Univision Communications Inc. reports that more campaigns than ever are buying Spanish-language (SL) media but the percentage investment in SL remains at a marginal 4 percent; way below the 12 percent of registered voters who are Hispanic nationally.  For example, in CA, where approximate 23 percent of registered voters are Hispanic, the biggest propositions spent less than 3 percent in SL media and Zero was spent in SL media for the Governor's race.

However there are some surprises in media spend. In this year's midterms through September, Republican investment in SL media now exceeds the Democrat’s, which has declined by 50 percent since 2012 (Cmag). This may be an indication of their comfort with the Latino vote while Republicans struggle in their attempts to find a relevant and consistent voice with the community.

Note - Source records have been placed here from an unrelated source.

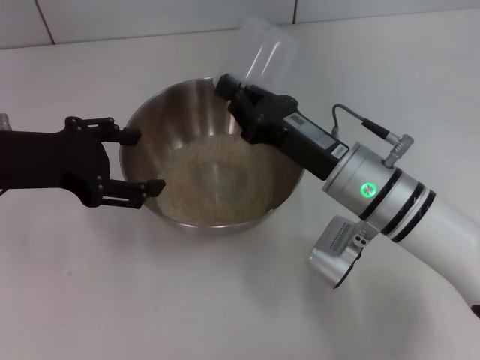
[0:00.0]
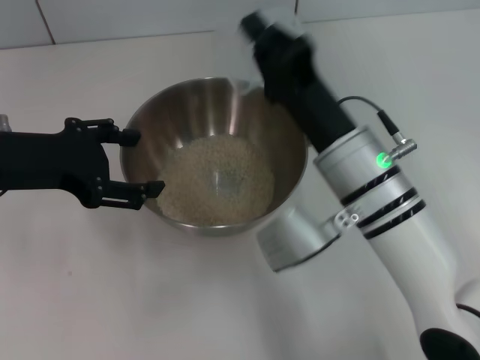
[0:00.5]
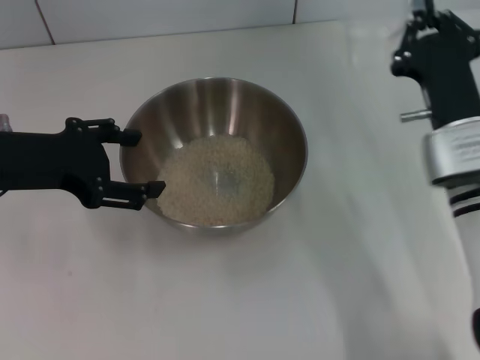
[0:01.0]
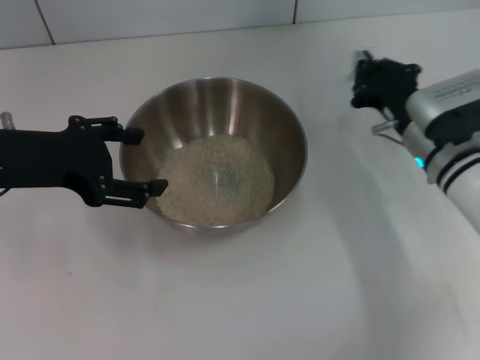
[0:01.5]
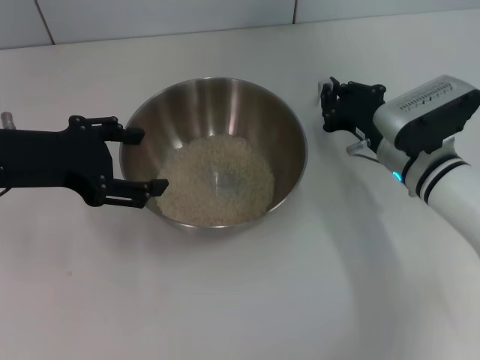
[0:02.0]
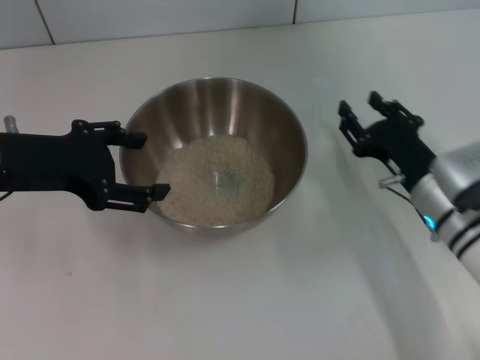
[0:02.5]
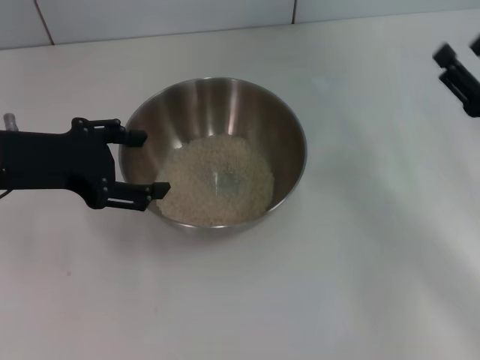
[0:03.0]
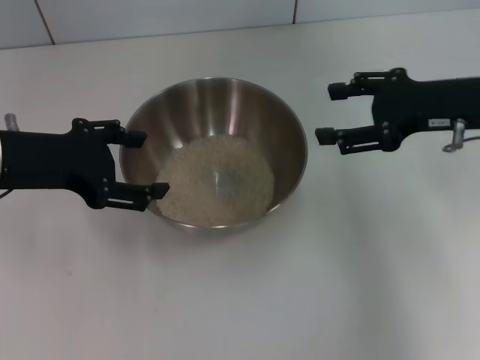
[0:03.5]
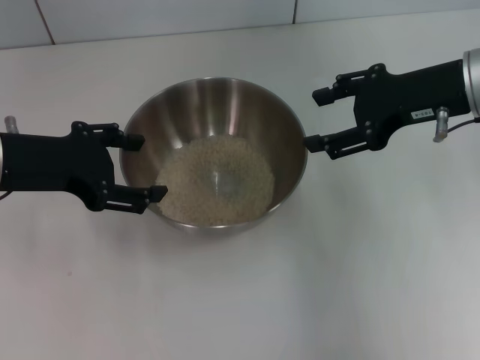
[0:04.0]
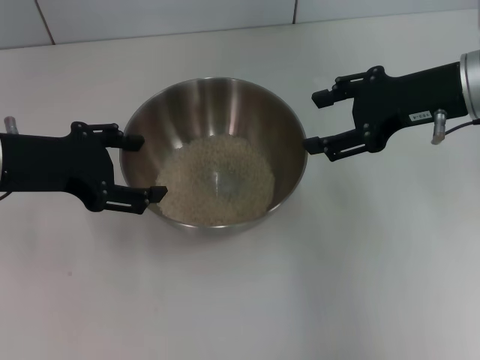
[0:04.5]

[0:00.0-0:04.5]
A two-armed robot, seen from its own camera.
Task of the whole recording: Place the bowl in the middle of the table with one hand and pour the rice from the grain cup into it with the other hand.
Step, 0:01.0 to 0:02.5: Place the cup on the table with the right gripper.
0:00.0 to 0:02.0: The right gripper heads to the right, covering roughly 5 cm.
0:02.0 to 0:04.5: The right gripper moves upward, some 15 cm, and opens up.

In statewide and gubernatorial races in Florida, Texas, Arizona, and Illinois, where Spanish-language media investment could swing each election with Hispanics, investment in SL is up from 4 years ago, yet the share of spending relative to total market spending is a fraction of what it should considering the voter representation.

While many may argue that Latino voters are bilingual who are captured by the English media messaging, a recent Nielsen TV Brand Study reports that Spanish ads resonate better among both English dominant and Spanish dominant Hispanics delivering higher message recall and likeability.  Among English dominant Latinos 35 years-old or older, Spanish ads perform almost 2 times better for likeability; therefore confirming that language does matter to get to the heart.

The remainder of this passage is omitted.